Before you call something pseudo-science, you must first be qualified to understand the real science.
Efficiency is relative. It is easy to see how inefficient running is compared to other forms of self-propelled locomotion, like roller blading and cycling. How much do roller blades weigh? Typically 2-5 pounds, compared to the 5 oz. Adizero Pro shoe. Adding these heavy weights on the feet of a marathoner allowed one to cover the distance in 56:45, last year in Berlin. If several millions of years of evolution produced optimal efficiency, cars would be built with mechanical legs.
If shoes don't make you go faster, why wouldn't more elite runners opt to run barefoot, like Zola Budd and Abebe Bikila, instead of opting for shoes that cost $200-$500? After all, runners will do everything it takes to go faster, and wearing no shoes is completely legal and available to everyone at no cost.

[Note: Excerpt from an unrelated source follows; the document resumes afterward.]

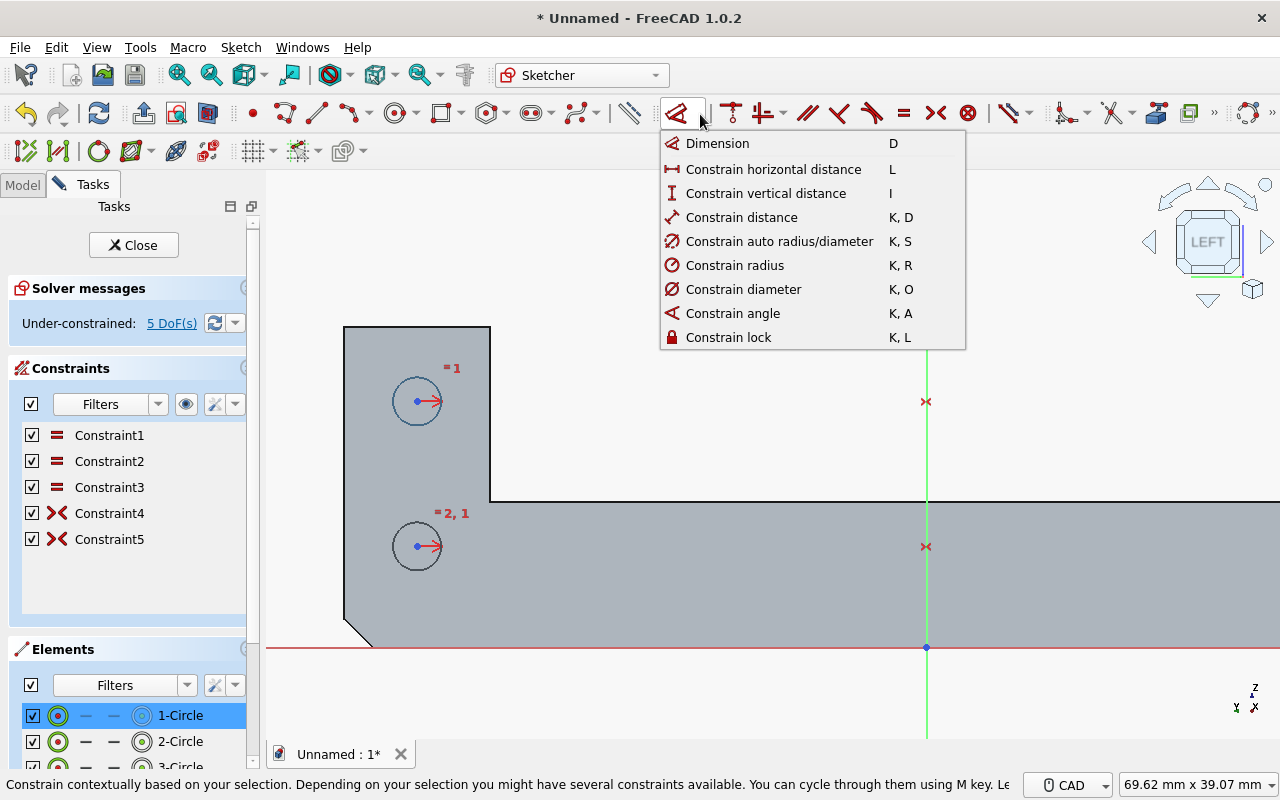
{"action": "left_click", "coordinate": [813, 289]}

Energy is lost in everything that bends or compresses, from the hips to the knees to the ankles to the toes, and all the muscles and tendons in between, as well as the soles and cushioning of the shoes, if that energy is in a direction other than causing forward motion. Each foot landing acts as a brake as kinetic energy is directed downwards rather than forward. Most of the energy used in running is to compensate for the lost energy, rather than propel the runner forward. Older shoes designed to reduce impact uses a foam which absorbs the energy which then dissipates in all directions, making them less efficient than shoes which absorb that energy, and then dissipate the energy back up to the foot on the rebound.
The running shoe was invented a long time ago. Running shoe technology has advanced over the last 60 years, as new lightweight and rigid materials were developed, compared to the golden oldie days when shoemakers cobbled together leather and rubber. The latest technology puts a thick layer of lightweight foam on a rigid carbon fiber plate, capturing more of that energy and rebounding it at lift-off in a forward direction.
When you speak of horse racing, you just introduce yet another topic where you are clearly clueless. A quick search shows that horse racing today has the very same doping issues as athletics. It is arguable worse, as the welfare of the horse is not given much consideration, and anti-doping isn't as organized and uniform worldwide. Declaring no significant progress in the last half-century despite all the alleged advances in doping, is consistent with what we have seen in distance running since the mid-1980s, among the matured non-Africans -- until the era of new shoes. The requirements and constraints of putting shoes on horses are different, as their hooves are not like a human foot with toes and tendons and fascia, but it is no less scientific, as horseshoes are also made of different materials and specialized to perform different functions, from racing, to increased traction, to correcting its gait, and for injury rehabilitation.